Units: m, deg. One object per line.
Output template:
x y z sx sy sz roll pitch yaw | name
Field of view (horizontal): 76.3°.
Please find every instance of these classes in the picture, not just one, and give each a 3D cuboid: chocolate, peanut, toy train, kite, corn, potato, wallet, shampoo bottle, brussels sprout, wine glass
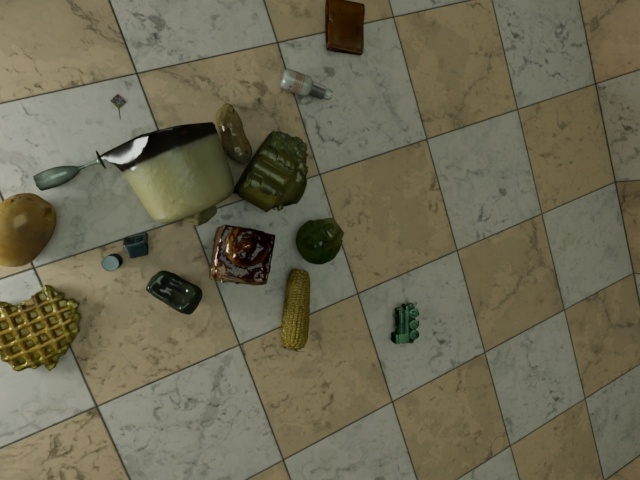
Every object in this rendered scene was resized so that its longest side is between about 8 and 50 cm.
-0.428 -0.186 1.256 0.314 0.326 0.296 -14 98 27 | chocolate
-0.303 -0.364 1.407 0.100 0.099 0.214 -18 99 -17 | peanut
0.350 0.344 1.685 0.111 0.071 0.170 -3 94 -11 | toy train
-0.654 -0.440 1.332 0.044 0.002 0.078 -28 100 -15 | kite
-0.089 0.257 1.511 0.106 0.106 0.305 4 91 -19 | corn
-0.900 -0.032 1.211 0.150 0.146 0.233 27 85 12 | potato
0.091 -0.810 1.544 0.161 0.042 0.195 -2 92 -23 | wallet
-0.050 -0.564 1.492 0.192 0.074 0.074 12 89 -21 | shampoo bottle
0.001 0.003 1.511 0.181 0.144 0.161 -26 66 -4 | brussels sprout
-0.784 -0.217 1.272 0.198 0.066 0.066 -25 101 -14 | wine glass

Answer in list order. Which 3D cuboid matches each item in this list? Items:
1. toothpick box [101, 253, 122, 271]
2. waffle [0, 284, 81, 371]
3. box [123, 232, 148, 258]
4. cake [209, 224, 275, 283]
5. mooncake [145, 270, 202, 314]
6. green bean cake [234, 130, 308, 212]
-0.671 0.070 1.313 0.052 0.083 0.052 -1 94 -19 | toothpick box
-0.902 0.269 1.266 0.291 0.051 0.291 -2 95 -21 | waffle
-0.598 0.017 1.332 0.074 0.099 0.054 -17 113 -16 | box
-0.255 0.055 1.346 0.196 0.293 0.198 12 85 -19 | cake
-0.480 0.170 1.343 0.175 0.168 0.104 38 80 -32 | mooncake
-0.133 -0.233 1.359 0.202 0.310 0.285 31 86 -16 | green bean cake
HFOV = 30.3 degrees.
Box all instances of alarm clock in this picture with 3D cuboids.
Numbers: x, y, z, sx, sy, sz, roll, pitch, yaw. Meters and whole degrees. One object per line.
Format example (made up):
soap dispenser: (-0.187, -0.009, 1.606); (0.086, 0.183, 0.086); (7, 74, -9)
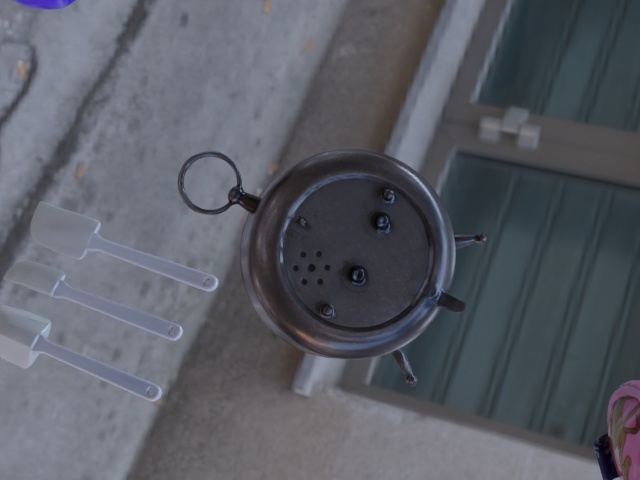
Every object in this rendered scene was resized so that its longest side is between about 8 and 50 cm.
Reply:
alarm clock: (0.000, 0.000, 0.728); (0.129, 0.192, 0.064); (-64, -176, -8)

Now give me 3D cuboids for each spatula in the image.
spatula: (-0.229, 0.067, 1.195); (0.168, 0.242, 0.019); (-64, 154, -14)

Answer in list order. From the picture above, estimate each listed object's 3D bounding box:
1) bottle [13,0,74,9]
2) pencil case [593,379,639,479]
bottle: (-0.270, -0.238, 0.728); (0.092, 0.283, 0.118); (-66, 175, -51)
pencil case: (0.427, 0.167, 0.947); (0.167, 0.386, 0.160); (93, -12, -71)
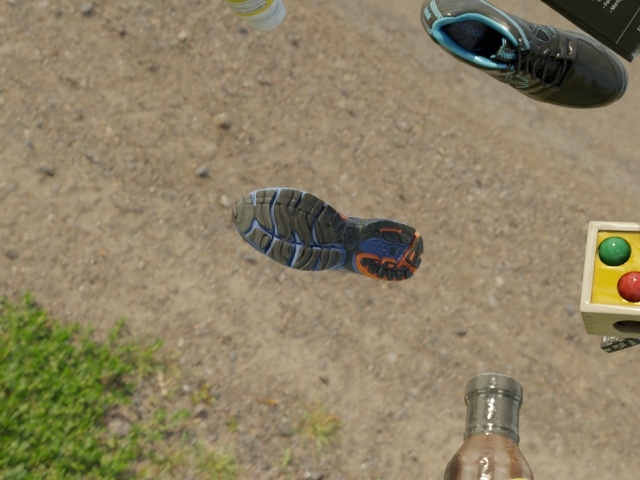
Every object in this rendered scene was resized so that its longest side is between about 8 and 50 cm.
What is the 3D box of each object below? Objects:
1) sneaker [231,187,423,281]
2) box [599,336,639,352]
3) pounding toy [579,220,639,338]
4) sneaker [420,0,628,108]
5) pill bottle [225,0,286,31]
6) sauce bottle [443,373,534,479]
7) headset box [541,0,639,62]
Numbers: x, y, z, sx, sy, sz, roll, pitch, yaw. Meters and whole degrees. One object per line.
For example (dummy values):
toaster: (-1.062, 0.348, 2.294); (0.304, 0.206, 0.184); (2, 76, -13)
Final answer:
sneaker: (0.000, 0.000, 1.189); (0.221, 0.087, 0.083); (18, 82, -28)
box: (0.435, 0.115, 1.570); (0.018, 0.067, 0.083); (34, 58, -16)
pounding toy: (0.432, 0.075, 1.368); (0.094, 0.206, 0.181); (55, 42, -58)
sneaker: (0.308, -0.275, 1.679); (0.341, 0.125, 0.139); (20, 25, -3)
pill bottle: (-0.084, -0.295, 1.269); (0.116, 0.065, 0.065); (53, 18, -53)
sauce bottle: (0.189, 0.315, 1.253); (0.111, 0.111, 0.344); (25, 54, -23)
headset box: (0.101, -0.267, 0.478); (0.283, 0.246, 0.131); (36, 39, 12)

• • • • •

**Assigned task**
Count, in the data above, the lines that hold "order". Return only that count.

**Finished exercise**
2